Across Australia, the lives of children who experience trauma, adversity and disability are profoundly interconnected – but our service systems often treat these issues as if they occur in isolation. Child protection, disability, education, health and mental health all include the goal of improving children’s wellbeing, yet their frameworks, funding models, diagnostic rules and accountability mechanisms remain separate. The result is that the children with the highest levels of need across multiple domains are too often the least well served.

The scale of overlap

Research consistently shows that disability is dramatically over-represented among children known to child protection and placed in out-of-home care (e.g. Hatzikiriakidis et al., 2023). While around 10% of Australian children have a disability, studies report prevalence rates of 30–67% among children in out-of-home care.

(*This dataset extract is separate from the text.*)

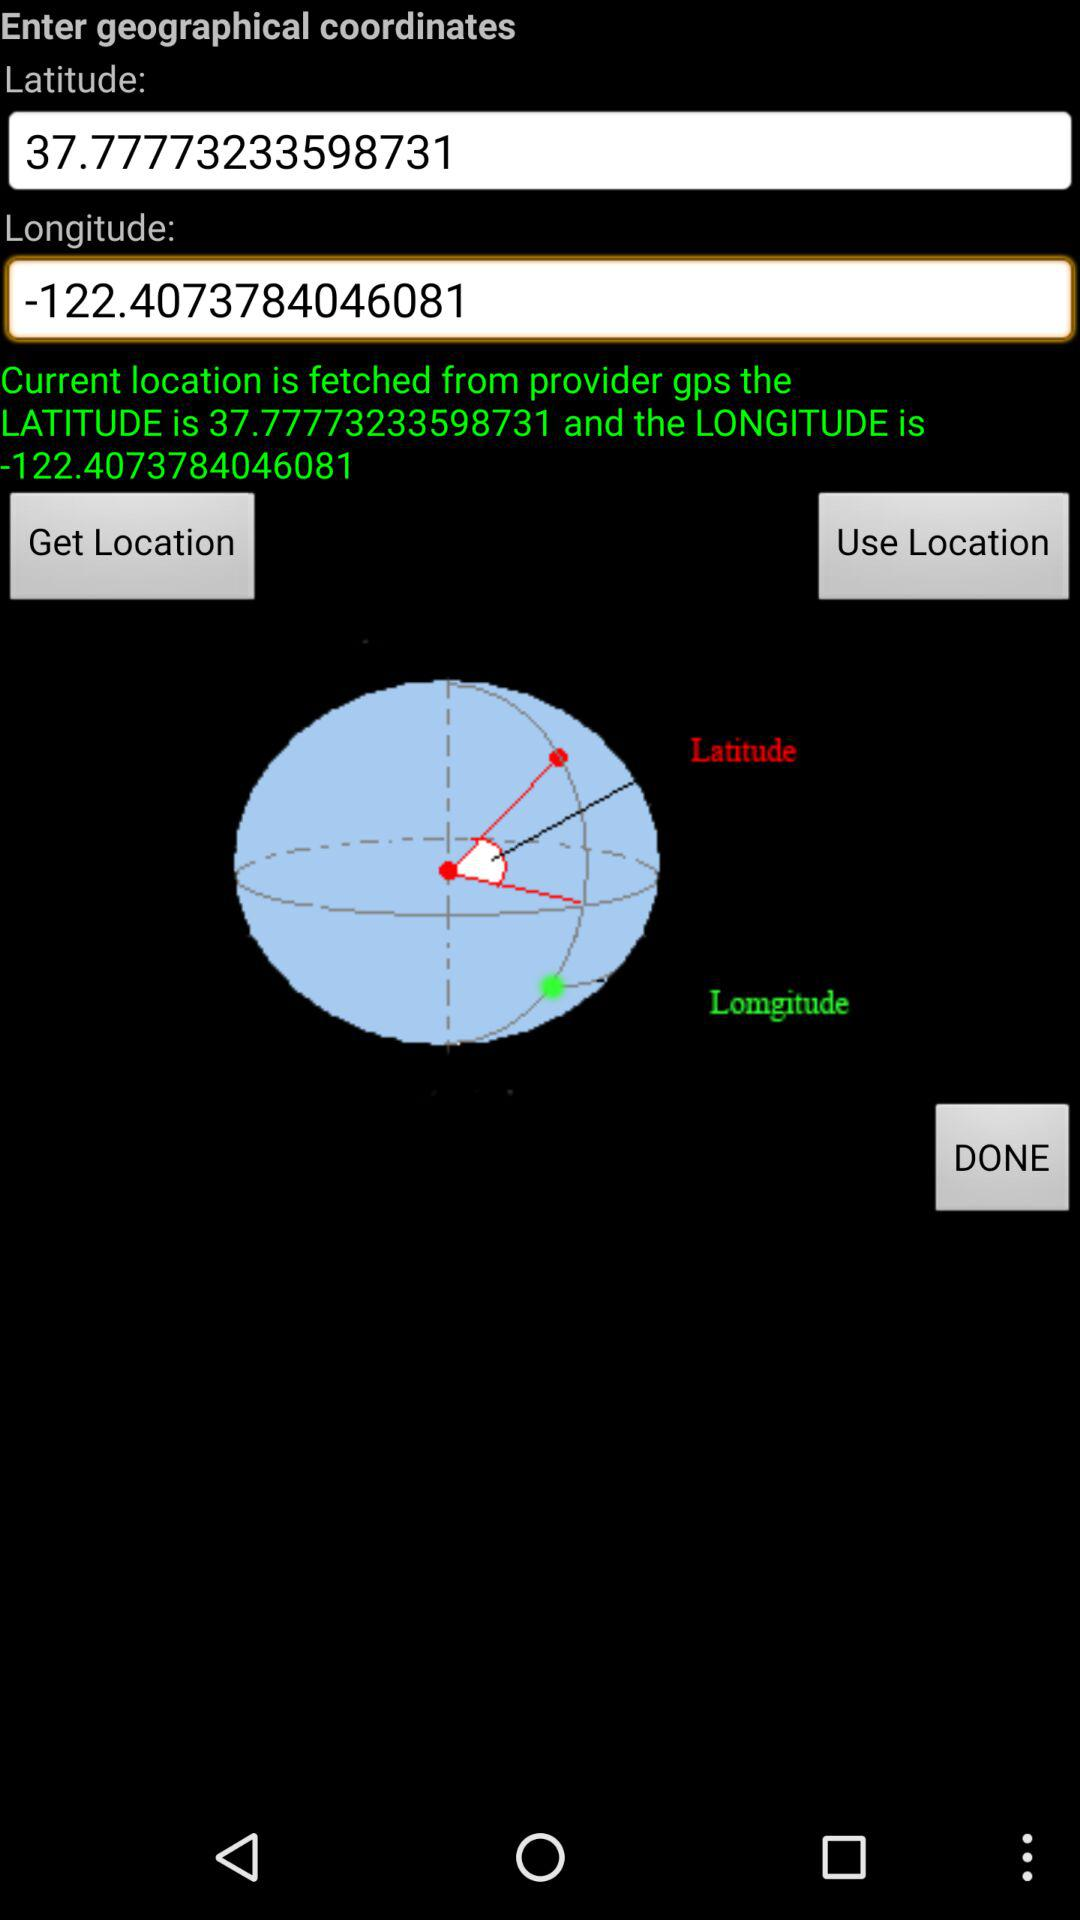What is the degree of the angle?
When the provided information is insufficient, respond with <no answer>. <no answer>

For example, the Victorian Commission for Children and Young People (CCYP, 2020) found that 67% of young people aged 15+ years in residential care had a diagnosed disability, most commonly cognitive, psychosocial or speech and language impairments. The Royal Commission into Violence, Abuse, Neglect and Exploitation of People with Disability (2023) similarly reported that over 40% of children in care have a disability – a number likely understated due to diagnostic barriers.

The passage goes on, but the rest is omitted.